Principles of Good Regulation
Better Regulation Task Force of the Cabinet Office’s (OPS) Better Regulation Unit published the Principles of Good Regulation in January 1998. The Better Regulation Task Force is an independent advisory group and was appointed by the Chancellor of the Duchy of Lancaster in September 1997 to advise Government on action which improves the effectiveness of government regulation by ensuring that it is necessary, fair and affordable, and simple to understand and administer.
The Better Regulation Task Force decided to use the Principles of Good Regulation as a "template - a critic’s guide if you like - for judging the quality of government regulations" in the course of their work years. They hoped others would find it useful, and Cyber-Rights & Cyber-Liberties (UK) indeed found it very useful in the context of an important issue - Internet Regulation.
The Task Force defines regulation " as any government measure or intervention which controls the behaviour of individuals or groups. Government regulation can both promote the rights and liberties of citizens, and restrict the behaviour of citizens" and according to the Task Force "whilst recognising such philosophic differences, governments should be satisfied that regulations are necessary, fair, effective, balanced, and enjoy a broad degree of public confidence."
Therefore the Principles of Good Regulation include the following criteria for regulators: transparency, accountability, targeting, consistency, and proportionality. The Task Force believes that many objectives can be achieved without recourse to state regulation through voluntary self-regulation and through the establishment of code of practices in general but the Task Force also subjects regulatory initiatives to a test. Cyber-Rights & Cyber-Liberties (UK) now will apply this test to Internet regulation by the UK government including the non-governmental Internet Watch Foundation which acts as a quasi-government body.
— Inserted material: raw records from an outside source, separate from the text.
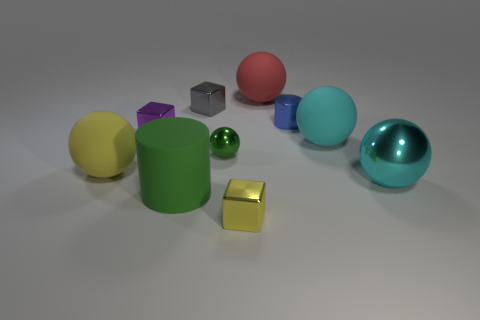There is a cylinder that is the same color as the tiny shiny sphere; what is its size?
Provide a short and direct response. Large. There is a small metal thing that is the same color as the big rubber cylinder; what is its shape?
Your response must be concise. Sphere. What number of cylinders are either small gray metallic things or cyan rubber things?
Provide a succinct answer. 0. There is a sphere that is the same size as the purple metal thing; what is its color?
Provide a succinct answer. Green. What number of small metallic things are right of the green matte cylinder and behind the yellow cube?
Offer a very short reply. 3. What is the tiny yellow object made of?
Offer a very short reply. Metal. What number of things are either red cubes or cyan things?
Provide a succinct answer. 2. There is a cyan object behind the small green object; is it the same size as the rubber sphere that is to the left of the red thing?
Make the answer very short. Yes. How many other objects are there of the same size as the green matte thing?
Make the answer very short. 4. What number of objects are big matte objects to the right of the small yellow metal thing or metallic cylinders that are behind the green metal sphere?
Keep it short and to the point. 3. 
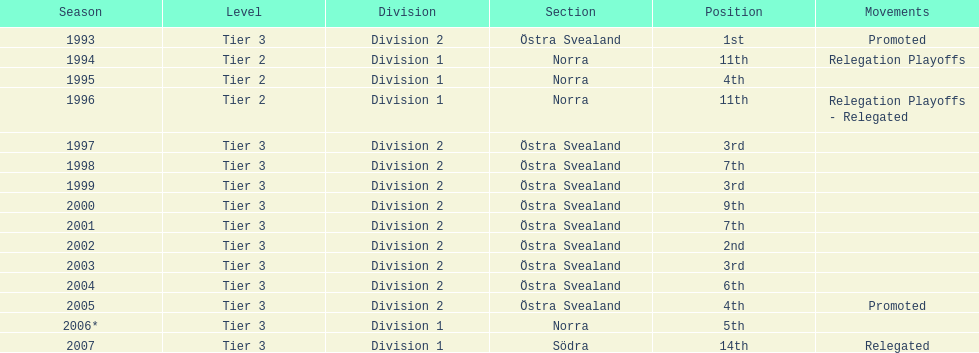When was the last time they accomplished a third-place standing before that? 1999.

Test of Good Regulation for the UK Government
Must have broad public support:
According to the Task Force "the Poll Tax was a significant failure due to lack of public support, but the public’s view can change over time." Cyber-Rights & Cyber-Liberties (UK) has seen no support for the activities of the IWF and the rating systems proposed for Internet content by this body from the public. Government support is not enough to justify the development of these systems without proper public consultation. There is not a general public awareness associated with these issues and the current process is therefore not transparent.
Must be enforceable:
According to the Task Force "whilst regulation might have general public support, it might not be enforceable." Cyber-Rights & Cyber-Liberties (UK) believes that this would be the case with the development of rating systems even if there was public support. The Internet is a global medium regardless of frontiers and there is wide objection to the development of these kind of systems elsewhere, especially in the USA where a great amount of Internet content is created.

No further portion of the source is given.